Skills can have a killer effect only when supported by a robust economy. With a downturn in economy being the epicenter of all conversations, do you think skilled people, industry and expectations of higher earnings move together in harmony?
The Skill India Mission has given huge impetus to the skilling ecosystem of the country by placing importance on training people in vocational trades that have a direct link to livelihood. We understood early that with the skilled workforce, we can nudge our economy to grow at a faster pace. We have a huge pool of young talent, which is aspirational and accounts for about 40% of India’s population. Using their skill set, we are on the journey to make India the Skill Capital of the World. For this, we are catalyzing many programs and partnering with industries and organizations who are constantly supporting us in our skilling endeavor. We have opted for a holistic approach that is enabling our young workforce to be largely equipped with industry-relevant skills. I would say that we are in harmony with the aspirations of the public, our partners, industries and gradually meeting their expectations because without their support we will not be able to achieve our objective.
Upskilling our youth through the conventional education framework is a daunting task that has anyway remained directionless for decades now.

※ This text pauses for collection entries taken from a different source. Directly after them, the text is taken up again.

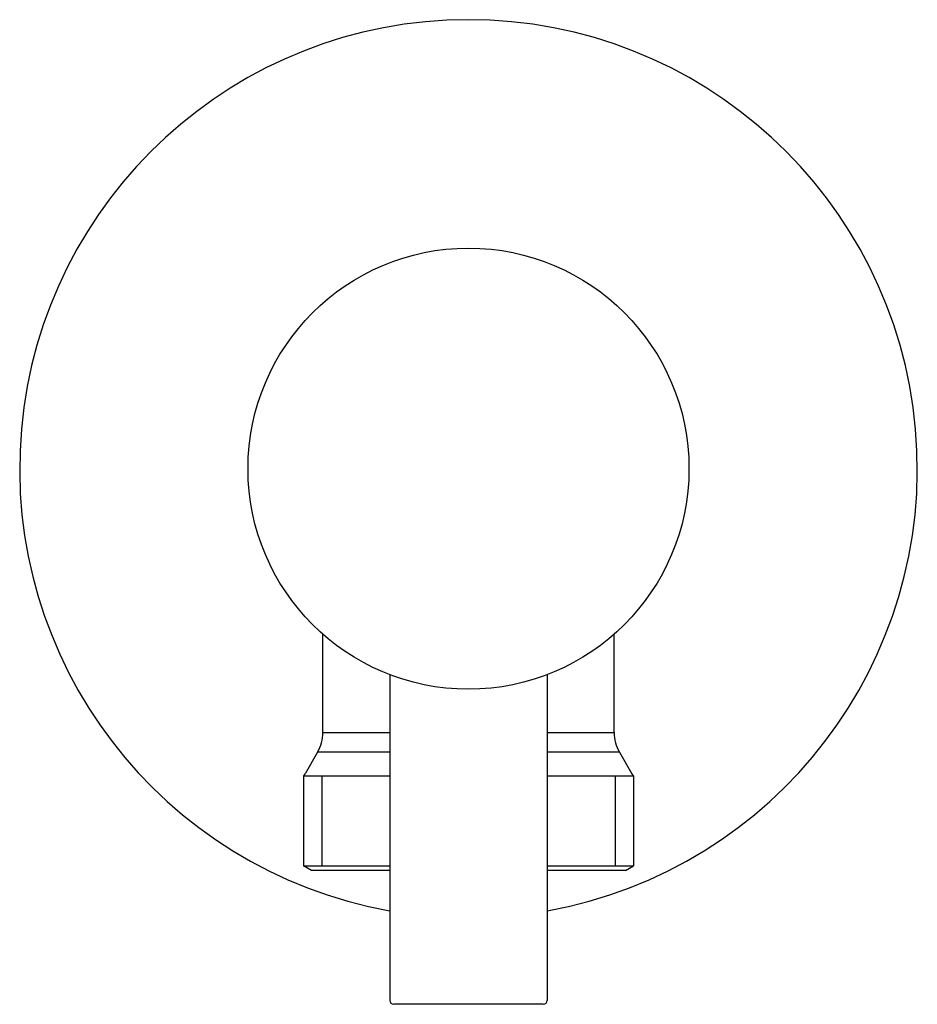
# Model space of a CAD drawing. Header units: millimetres. Extents: x -0.0285 to 0.0285, y -0.034 to 0.0285.
import ezdxf

# ---------------------------------------------------------------- set-up
doc = ezdxf.new("R2010")
doc.units = ezdxf.units.MM
doc.layers.add('BLOCKS', color=3, linetype='Continuous')

msp = doc.modelspace()

# ---------------------------------------------------------------- linework, layer by layer
at = {"layer": 'BLOCKS'}
for p, q in [((-0.009250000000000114, -0.01675166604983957), (-0.009250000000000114, -0.01050892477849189)), ((0.00924999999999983, -0.01675166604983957), (0.00924999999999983, -0.01050892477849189)), ((-0.005, -0.01307669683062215), (-0.005, -0.03375)), ((0.005, -0.01307669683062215), (0.005, -0.03375)), ((-0.009250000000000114, -0.01675166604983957), (-0.005, -0.01675166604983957)), ((0.005, -0.01675166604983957), (0.009249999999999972, -0.01675166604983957)), ((-0.009584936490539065, -0.01800166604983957), (-0.01038063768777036, -0.01937986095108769)), ((-0.005, -0.01800166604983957), (-0.009584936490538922, -0.01800166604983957)), ((0.00958493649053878, -0.01800166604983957), (0.005, -0.01800166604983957)), ((0.00958493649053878, -0.01800166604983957), (0.01038063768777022, -0.01937986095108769)), ((-0.01047750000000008, -0.01950000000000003), (-0.005000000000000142, -0.01950000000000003)), ((-0.01047750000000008, -0.01950000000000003), (-0.01047750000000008, -0.02521132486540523)), ((-0.009315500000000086, -0.01950000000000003), (-0.009315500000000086, -0.02521132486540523)), ((0.005, -0.01950000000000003), (0.01047749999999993, -0.01950000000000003)), ((0.009315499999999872, -0.01950000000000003), (0.009315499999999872, -0.02521132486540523)), ((0.01047749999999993, -0.01950000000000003), (0.01047749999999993, -0.02521132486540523)), ((-0.01047750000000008, -0.02521132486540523), (-0.005000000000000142, -0.02521132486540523)), ((-0.009977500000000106, -0.02550000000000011), (-0.01047750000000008, -0.02521132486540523)), ((-0.005, -0.02550000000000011), (-0.009977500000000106, -0.02550000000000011)), ((0.005, -0.02521132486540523), (0.01047749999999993, -0.02521132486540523)), ((0.009977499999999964, -0.02550000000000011), (0.005, -0.02550000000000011)), ((0.009977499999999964, -0.02550000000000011), (0.01047749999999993, -0.02521132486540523)), ((0.004749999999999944, -0.03400000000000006), (-0.004750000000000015, -0.03400000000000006))]:
    msp.add_line(p, q, dxfattribs=at)
msp.add_circle((0, 0), 0.014, dxfattribs=at)
for centre, radius, start, end in [((-1.4210854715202e-16, 0), 0.0285, 90, 259.8958172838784), ((-1.4210854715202e-16, 0), 0.0285, 280.1041827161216, 90), ((-0.01175000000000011, -0.01675166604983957), 0.0025, 330.0000000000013, 0), ((0.01174999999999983, -0.01675166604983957), 0.0025, 180, 209.9999999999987), ((-0.01081365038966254, -0.01912986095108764), 0.0005, 312.2448893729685, 330.0000000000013), ((0.01081365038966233, -0.01912986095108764), 0.0005, 209.9999999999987, 227.7551106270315), ((-0.004750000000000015, -0.03375), 0.00025, 180, 270), ((0.004749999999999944, -0.03375), 0.00025, 270, 0)]:
    msp.add_arc(centre, radius, start, end, dxfattribs=at)

doc.saveas('drawing.dxf')

What new ideas has the ministry thought of or implemented that can change this course?
We have taken up several initiatives to bring in a change in mindsets. We want to inspire the youth to move beyond degrees and opt for certification and training in vocations and trades. For this purpose, we have created several vocational training institutes. We have introduced short-term training modules under our flagship program, Pradhan Mantri Kaushal Vikas Yojana (PMKVY) to train candidates in soft skills, entrepreneurship, financial and digital literacy. We also believe, increase of women participation in the workforce will boost the economy, therefore, we have committed to equip our women with market- relevant skills and lead them to a path of self-sufficiency through entrepreneurship.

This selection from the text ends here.